I guess part of it may be a inborn distinction I make between events that have happened in the past, the present situation, and the future. For me, events that already occurred...occurred. There's nothing you can change about them. For the present, I do invest emotionally in those type of things that can change my present well-being...and for the future, I am often very nervous and anxious that things won't turn out right. I think this distinction is also responsible for the ease with which I forgive and forget. Not saying I'm virtuous or anything - I simply don't invest emotionally much in the past (intellectual interest in it is a whole different thing), and therefore if somebody has wronged me in the past, even gravely, I am perfectly willing to forgive them and do so with ease.
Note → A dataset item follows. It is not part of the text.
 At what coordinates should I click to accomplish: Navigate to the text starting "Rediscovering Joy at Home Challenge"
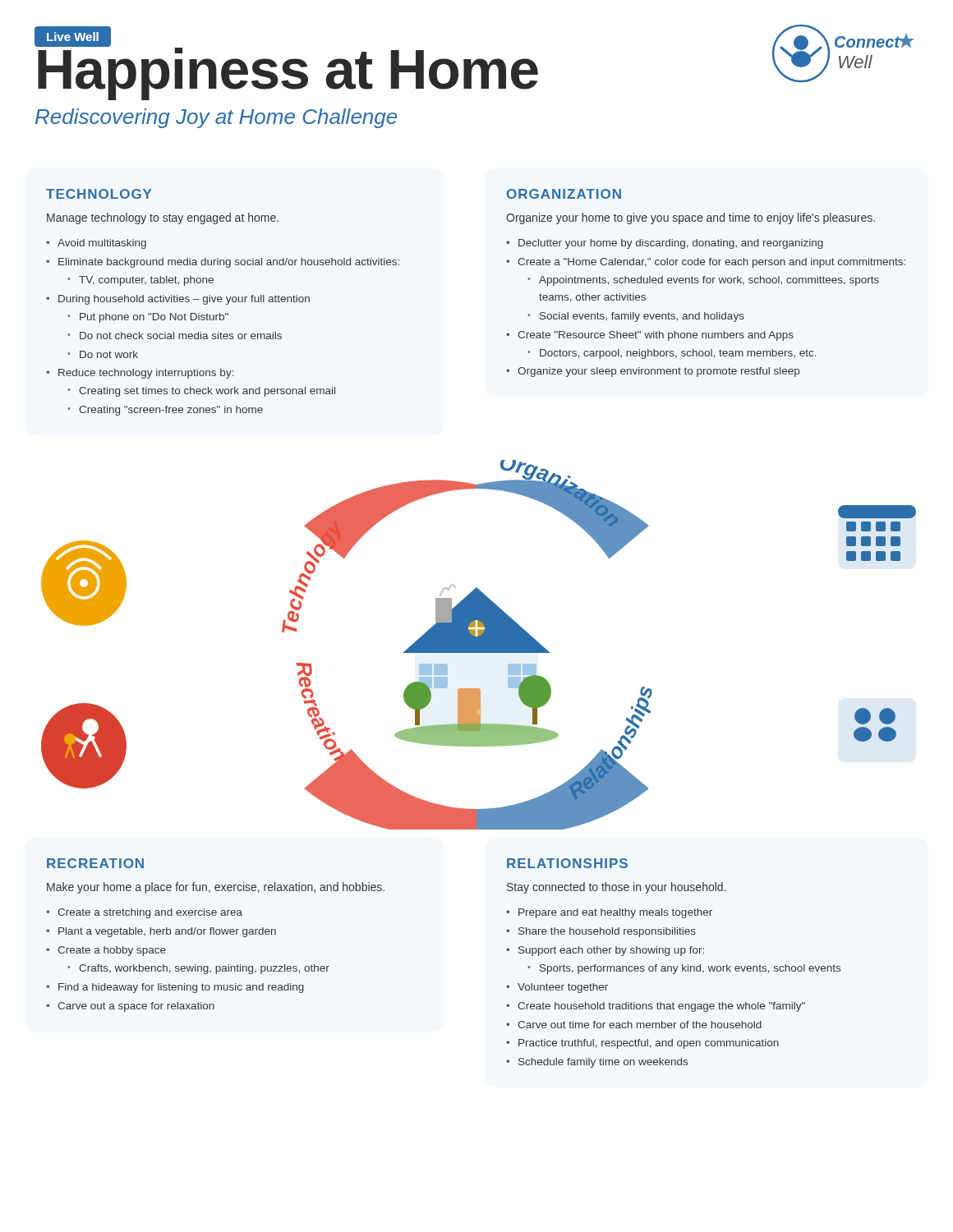click(x=216, y=117)
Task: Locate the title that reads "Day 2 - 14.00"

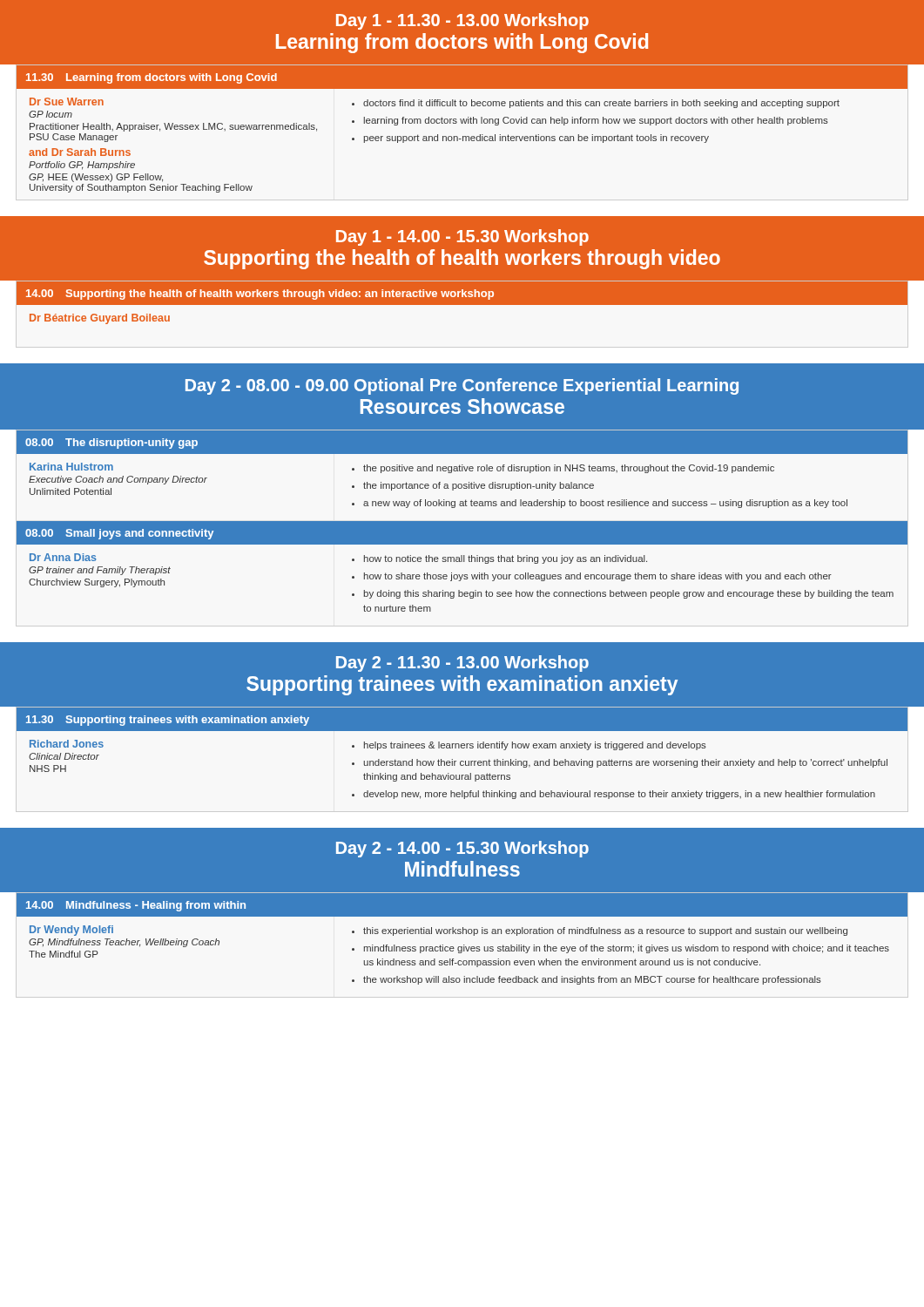Action: 462,860

I too suffer from depression and anxiety, although it is much worse now than it was at the time of their deaths, due to my diagnosis with an incurable brain tumor and subsequent thefts, property damage, impoverishment, etc. I sustained. I do agree (perhaps with a bit of envy) that a death of a family member can be much more of a "deviation from normal" for a "happy" person for whom everything seems to go well than a person who is already depressed, and perhaps has had many major traumatic or saddening experiences in their life. I just think of my family business - it's happened more than once that somebody has said the delay of their installation date was the "worst thing that ever happened to them". If you're getting your stuff installed a little bit later than you thought, and that's the worst thing that has ever happened to you, than you must have not been through much else!